#### [BRIEF]
The required output is the line with "int dtree_attr_spec_size(const char *spec);" through the final line of the entries, each one exactly as it stands.

(Source records)
══════
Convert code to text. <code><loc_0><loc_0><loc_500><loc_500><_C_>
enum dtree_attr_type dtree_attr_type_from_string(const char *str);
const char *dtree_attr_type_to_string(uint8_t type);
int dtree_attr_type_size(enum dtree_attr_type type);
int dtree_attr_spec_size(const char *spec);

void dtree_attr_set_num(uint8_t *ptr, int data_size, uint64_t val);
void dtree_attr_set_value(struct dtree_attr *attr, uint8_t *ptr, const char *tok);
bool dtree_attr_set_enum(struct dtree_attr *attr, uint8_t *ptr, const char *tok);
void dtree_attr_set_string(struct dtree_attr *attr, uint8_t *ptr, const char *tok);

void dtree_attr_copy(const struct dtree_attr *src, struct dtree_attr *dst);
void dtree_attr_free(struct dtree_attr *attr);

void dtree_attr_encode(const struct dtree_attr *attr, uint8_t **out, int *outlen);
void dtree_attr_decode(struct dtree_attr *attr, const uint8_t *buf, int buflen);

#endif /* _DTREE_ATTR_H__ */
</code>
══════
#### [ANSWER SECTION]
int dtree_attr_spec_size(const char *spec);

void dtree_attr_set_num(uint8_t *ptr, int data_size, uint64_t val);
void dtree_attr_set_value(struct dtree_attr *attr, uint8_t *ptr, const char *tok);
bool dtree_attr_set_enum(struct dtree_attr *attr, uint8_t *ptr, const char *tok);
void dtree_attr_set_string(struct dtree_attr *attr, uint8_t *ptr, const char *tok);

void dtree_attr_copy(const struct dtree_attr *src, struct dtree_attr *dst);
void dtree_attr_free(struct dtree_attr *attr);

void dtree_attr_encode(const struct dtree_attr *attr, uint8_t **out, int *outlen);
void dtree_attr_decode(struct dtree_attr *attr, const uint8_t *buf, int buflen);

#endif /* _DTREE_ATTR_H__ */
</code>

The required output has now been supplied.